Try this first to see if it works.

modprobe ppp_mppe force=1

lsmod 

to list loaded modules ( or modprobe ppp_mppe.ko force=1  and then next    lsmod )

Also "insmod ppp_mppe.ko force=1"  you might have to with or without the .ko try it as on wants it one way the other the otherway you get the idea.

Not sure but "rc-update add net.wlan0 default" where the net.wlan0 is replaced with apropriate text for your device is also a option but not sure about this try to google for it.

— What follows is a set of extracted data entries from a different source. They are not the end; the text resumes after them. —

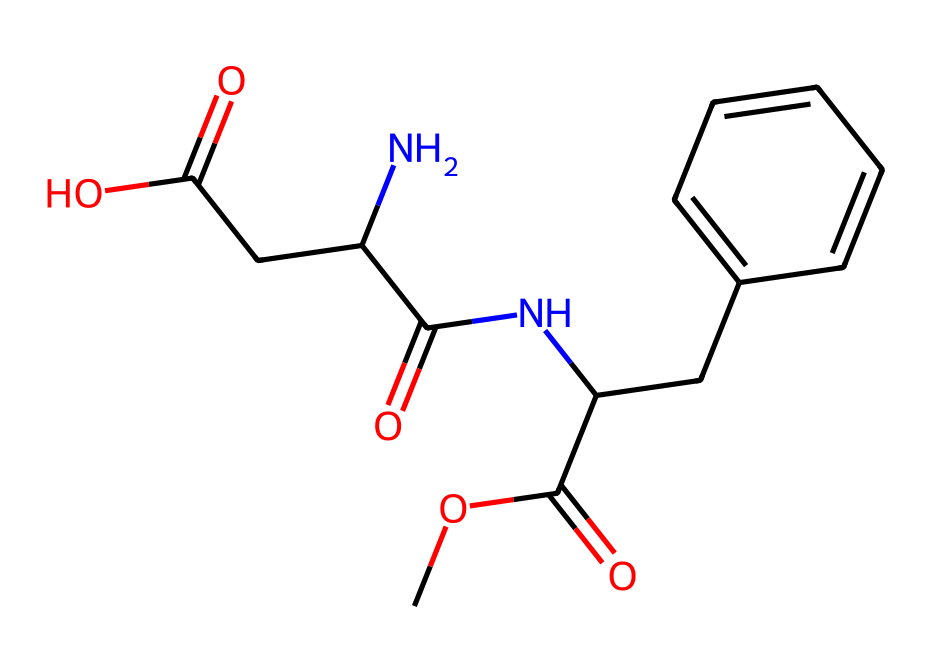What is the molecular formula of aspartame? To determine the molecular formula, we analyze the SMILES representation and count each type of atom present. The atoms represented include carbon (C), hydrogen (H), nitrogen (N), and oxygen (O). Counting gives 14 carbon, 18 hydrogen, 2 nitrogen, and 3 oxygen atoms. Therefore, the molecular formula is C14H18N2O3.
Answer: C14H18N2O3 How many rings are present in the structure of aspartame? By examining the SMILES representation, we look for cyclic features in the structure. The notation of the structure shows a phenyl ring (the part containing CC1=CC=CC=C1), which denotes a single ring in the chemical structure of aspartame. Thus, there is one ring present.
Answer: 1 What type of functional groups can be identified in aspartame? Analyzing the SMILES representation reveals various functional groups through common patterns, such as esters (COC(=O)), amides (C(N)NC(=O)), and carboxylic acids (CC(=O)O). Identifying these leads to the conclusion that aspartame contains these significant functional groups.
Answer: ester, amide, carboxylic acid What is the primary use of aspartame in food products? Aspartame is commonly used as an artificial sweetener in various low-calorie and sugar-free products, which is a key application due to its sweetening properties without adding significant calories.
Answer: sweetener Which atoms in aspartame are responsible for its sweet taste? Aspartame's sweetness is attributed to the presence of specific functional groups, chiefly the amide and ester linkages, as these structures interact with taste receptors on the tongue. Thus, the nitrogen (N) and carbon (C) from the amide groups are particularly responsible.
Answer: nitrogen, carbon What is the ratio of carbon to nitrogen atoms in aspartame? To find the ratio of carbon to nitrogen, we need to count the respective atoms in the molecular formula: there are 14 carbon (C) atoms and 2 nitrogen (N) atoms. Therefore, the ratio is calculated as 14:2, which simplifies to 7:1.
Answer: 7:1 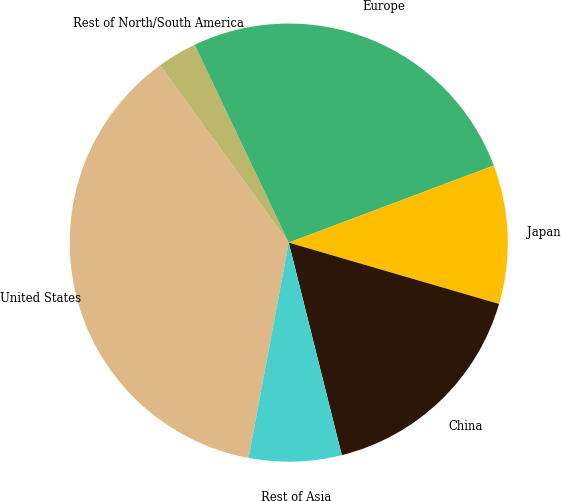Convert chart. <chart><loc_0><loc_0><loc_500><loc_500><pie_chart><fcel>United States<fcel>Rest of North/South America<fcel>Europe<fcel>Japan<fcel>China<fcel>Rest of Asia<nl><fcel>37.07%<fcel>2.93%<fcel>26.34%<fcel>10.24%<fcel>16.59%<fcel>6.83%<nl></chart> 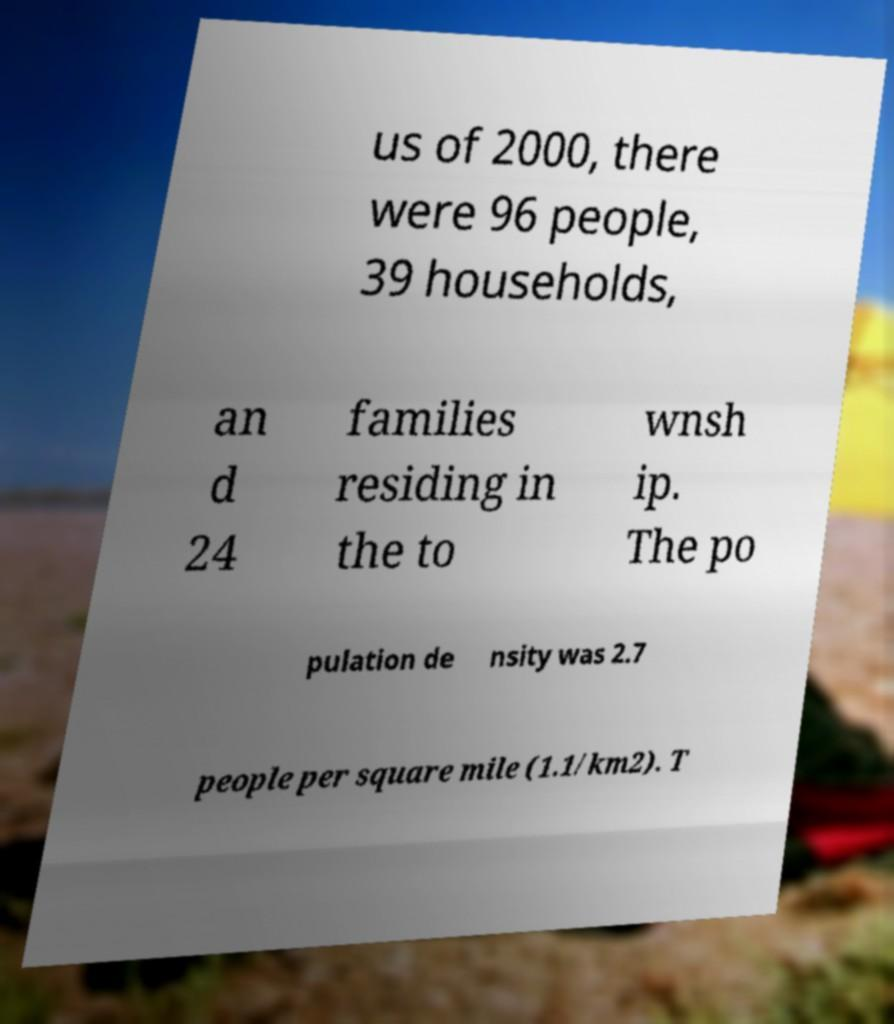Could you assist in decoding the text presented in this image and type it out clearly? us of 2000, there were 96 people, 39 households, an d 24 families residing in the to wnsh ip. The po pulation de nsity was 2.7 people per square mile (1.1/km2). T 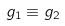Convert formula to latex. <formula><loc_0><loc_0><loc_500><loc_500>g _ { 1 } \equiv g _ { 2 } \ \</formula> 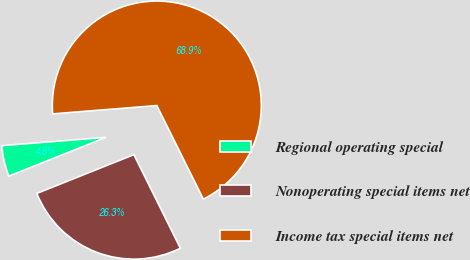Convert chart. <chart><loc_0><loc_0><loc_500><loc_500><pie_chart><fcel>Regional operating special<fcel>Nonoperating special items net<fcel>Income tax special items net<nl><fcel>4.78%<fcel>26.29%<fcel>68.92%<nl></chart> 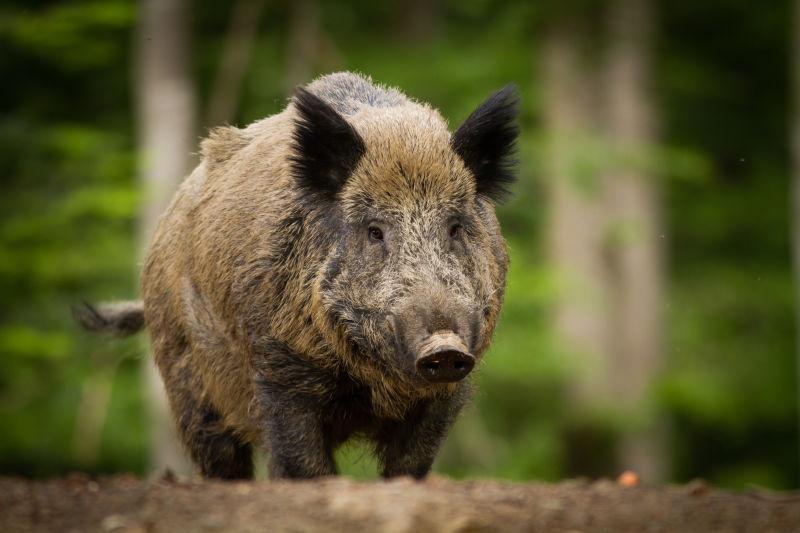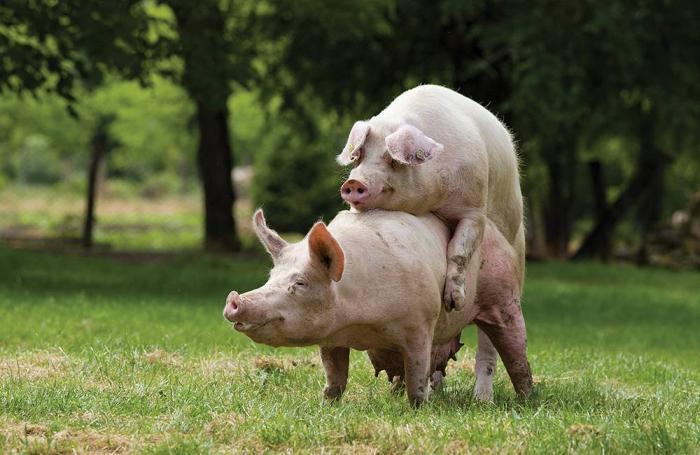The first image is the image on the left, the second image is the image on the right. Considering the images on both sides, is "The combined images contain three pigs, and the right image contains twice as many pigs as the left image." valid? Answer yes or no. Yes. The first image is the image on the left, the second image is the image on the right. Examine the images to the left and right. Is the description "The right image contains exactly two pigs." accurate? Answer yes or no. Yes.

A crude way is to " nano -w /etc/modules.autoload.d/kernel-2.6 " and then just add the "ppp_mppe" to the file this will load the module during start up , then you do not have to modprobe or insmod it at all. 

Just reboot and it works.

----------

## jwiles

Thanks for your help.  Here's what I've got:

```
[~] root $ modprobe ppp_mppe force=1

FATAL: Error inserting ppp_mppe (/lib/modules/2.6.20-gentoo-r8/kernel/drivers/net/ppp_mppe.ko): Unknown symbol in module, or unknown parameter (see dmesg)

[~] root $ lsmod

Module                  Size  Used by

ppp_generic            21396  0 

slhc                    9344  1 ppp_generic

fglrx                 652796  11 

pcmcia                 32152  2 

snd_seq                45520  0 

snd_pcm_oss            28352  0 

snd_mixer_oss          17408  1 snd_pcm_oss

snd_intel8x0           31040  0 

snd_intel8x0m          17820  0 

snd_ac97_codec         87716  2 snd_intel8x0,snd_intel8x0m

ac97_bus                6144  1 snd_ac97_codec

snd_pcm                67084  4 snd_pcm_oss,snd_intel8x0,snd_intel8x0m,snd_ac97_codec

snd_timer              21256  2 snd_seq,snd_pcm

snd                    43108  8 snd_seq,snd_pcm_oss,snd_mixer_oss,snd_intel8x0,snd_intel8x0m,snd_ac97_codec,snd_pcm,snd_timer

snd_page_alloc         11272  3 snd_intel8x0,snd_intel8x0m,snd_pcm

yenta_socket           26268  2 

rsrc_nonstatic         13188  1 yenta_socket

pcmcia_core            35644  3 pcmcia,yenta_socket,rsrc_nonstatic

ipw2200               167184  0 

ieee80211              31176  1 ipw2200

ieee80211_crypt         8576  1 ieee80211

[~] root $ dmesg | tail

[fglrx] max single GART = 114032640

[fglrx] total      LFB  = 66977792

[fglrx] free       LFB  = 47034368

[fglrx] max single LFB  = 47034368

[fglrx] total      Inv  = 0

[fglrx] free       Inv  = 0

[fglrx] max single Inv  = 0

[fglrx] total      TIM  = 0

PPP generic driver version 2.4.2

ppp_mppe: Unknown parameter `force'

```

----------

## jwiles

Also:

```
[~] root $ cd /usr/src/linux

[linux] root $ cat .config | grep PPP

CONFIG_PPP=m

# CONFIG_PPP_MULTILINK is not set

# CONFIG_PPP_FILTER is not set

CONFIG_PPP_ASYNC=m

CONFIG_PPP_SYNC_TTY=m

CONFIG_PPP_DEFLATE=m

CONFIG_PPP_BSDCOMP=m

CONFIG_PPP_MPPE=m

CONFIG_PPPOE=m

```

----------

## warrawarra

Unknown symbol in module, or unknown parameter

This looks like a defective module or busted one.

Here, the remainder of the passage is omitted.